As the target protein in co-translational translocation is in its primary structure and held in it by a ribosome and the ER, a chaperone protein is not needed.
The signal sequence of a protein can be found at what terminal?
N terminal.
For co-translational translocation the signal sequence must be recognised by what two structures?
- SRP (signal recognition particle).
2. ER - must be embedded within the ER membrane.
The SRP recognises the signal sequence on the N terminal of the growing polypeptide.
What two things do the SRPs bind to?
- Signal sequence.
2. Ribosome.
The binding of a SRP to the signal sequence and ribosome causes what?
Synthesis of the polypeptide to pause momentarily.
What part of the SRP pauses synthesis of the polypeptide?
Translational pause domain.
SRP consists of RNA and how many proteins?
6
Describe how SRPs facilitate the protein synthesis of a protein destined to enter the ER lumen.
complex explanation
- Protein is synthesised by the ribosome, forming the N terminal (signal sequence).
- SRP binds to signal sequence and its translational pause domain binds to the ribosome.
- Synthesis pauses.
- SRP moves towards the ER membrane and binds to a SRP receptor.
- Binding to the SRP receptor (next to the protein translocator) allows protein to move into the central lumen of the protein translocator.
- Complex is disassembled and SRP and its receptor are released from target protein.

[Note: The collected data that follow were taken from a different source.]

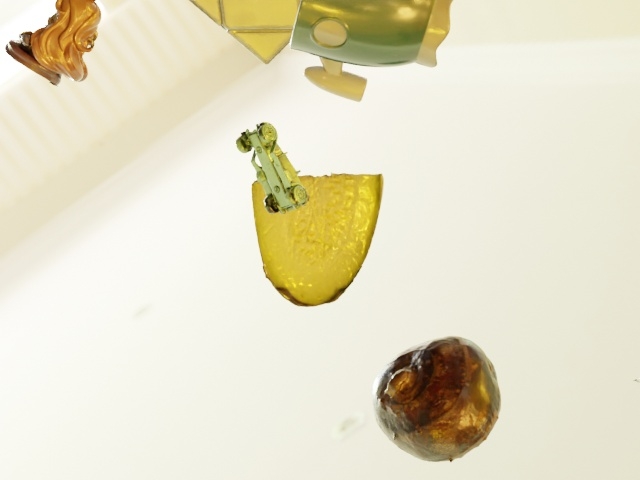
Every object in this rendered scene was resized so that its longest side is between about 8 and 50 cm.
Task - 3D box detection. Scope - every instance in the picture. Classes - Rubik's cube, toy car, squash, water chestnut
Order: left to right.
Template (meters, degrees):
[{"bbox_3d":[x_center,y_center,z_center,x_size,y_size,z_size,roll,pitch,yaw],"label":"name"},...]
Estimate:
[{"bbox_3d":[-0.089,-0.469,2.393,0.205,0.207,0.205,-40,-163,29],"label":"Rubik's cube"},{"bbox_3d":[-0.071,-0.110,2.100,0.073,0.143,0.054,-20,-172,47],"label":"toy car"},{"bbox_3d":[0.000,0.000,2.440,0.236,0.204,0.155,0,-125,13],"label":"squash"},{"bbox_3d":[0.210,0.273,2.317,0.223,0.238,0.224,-34,-157,17],"label":"water chestnut"}]

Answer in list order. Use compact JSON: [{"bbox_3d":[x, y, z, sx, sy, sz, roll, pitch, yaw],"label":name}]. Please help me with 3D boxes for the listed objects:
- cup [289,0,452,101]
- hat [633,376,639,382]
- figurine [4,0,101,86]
[{"bbox_3d":[0.067,-0.275,1.605,0.300,0.173,0.167,109,-1,-48],"label":"cup"},{"bbox_3d":[0.609,0.209,2.070,0.252,0.110,0.252,-23,171,-4],"label":"hat"},{"bbox_3d":[-0.376,-0.295,2.036,0.157,0.126,0.114,-38,-125,11],"label":"figurine"}]

- Ribosome and protein remain bound with the membrane, until protein is released into the ER lumen.
Describe what a polysome is.
mRNA remains bound to the ER as it is translated by multiple ribosomes at once.

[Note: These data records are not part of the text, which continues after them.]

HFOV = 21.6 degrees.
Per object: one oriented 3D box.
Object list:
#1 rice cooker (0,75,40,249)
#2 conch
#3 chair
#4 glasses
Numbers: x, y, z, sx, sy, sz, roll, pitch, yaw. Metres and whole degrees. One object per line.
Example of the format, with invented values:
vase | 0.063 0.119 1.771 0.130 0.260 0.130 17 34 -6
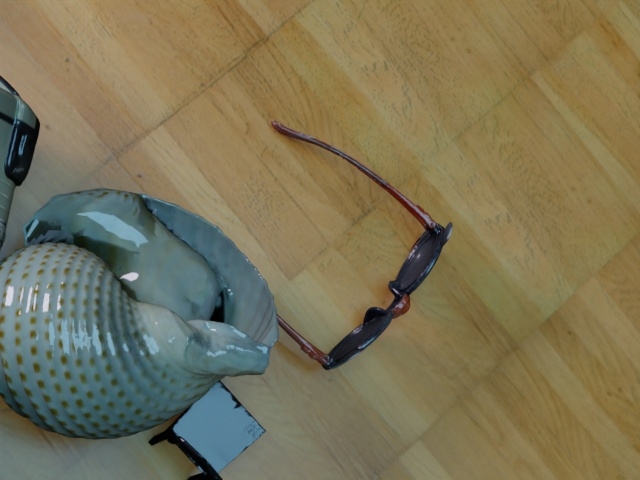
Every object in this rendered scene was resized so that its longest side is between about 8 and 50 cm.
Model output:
rice cooker | -0.435 -0.091 1.846 0.226 0.226 0.244 15 76 -13
conch | -0.221 0.100 1.874 0.319 0.215 0.303 25 41 -3
chair | -0.119 0.218 1.891 0.101 0.212 0.084 -44 94 -17
glasses | 0.000 0.000 2.012 0.268 0.118 0.234 40 74 -7

Once a protein has been translated and is inside the ER, it is folded into its 3D conformation by what bonds?
List 3.
- Ionic bonds
- Hydrogen bonds
- Van der Waals attraction
- Disulphide bonds
What happens during N-linked protein glycosylation?
Pre-formed precursor oligosaccharide, composed of 14 sugars, is added to proteins via the N-terminus (amine group) of an asparagine side chain.
What is the importance of N-linked protein glycosylation?
Quality control - ensures the protein has been folded correctly and is hence mature.
If a protein has not folded correctly, what two processes may occur?
- 3x glucose and 1x mannose are cleaved from the oligosaccharide.
- Glucosyltransferase enzymes add a single glucose back.
Addition of glucose binds protein to chaperones to prevent aggregation and gives them another opportunity to fold.
Describe the process that happens when a protein tries to fold correctly, include the addition of glucose and use of enzymes.
- Protein containing one glucose binds to calnexin (chaperone).
- Protein released and glucosidase cleaves the glucose.
- Protein tries to fold.
- Cycle repeats - if protein does not fold correctly, it is degraded.
Accumulation of misfolded proteins causes ER stress and triggers an unfolded protein response. What three things could happen?
- Inhibition of protein synthesis.
- Degrading of misfolded proteins at a faster rate.
- Increase of transcription of chaperones to look after misfolded proteins.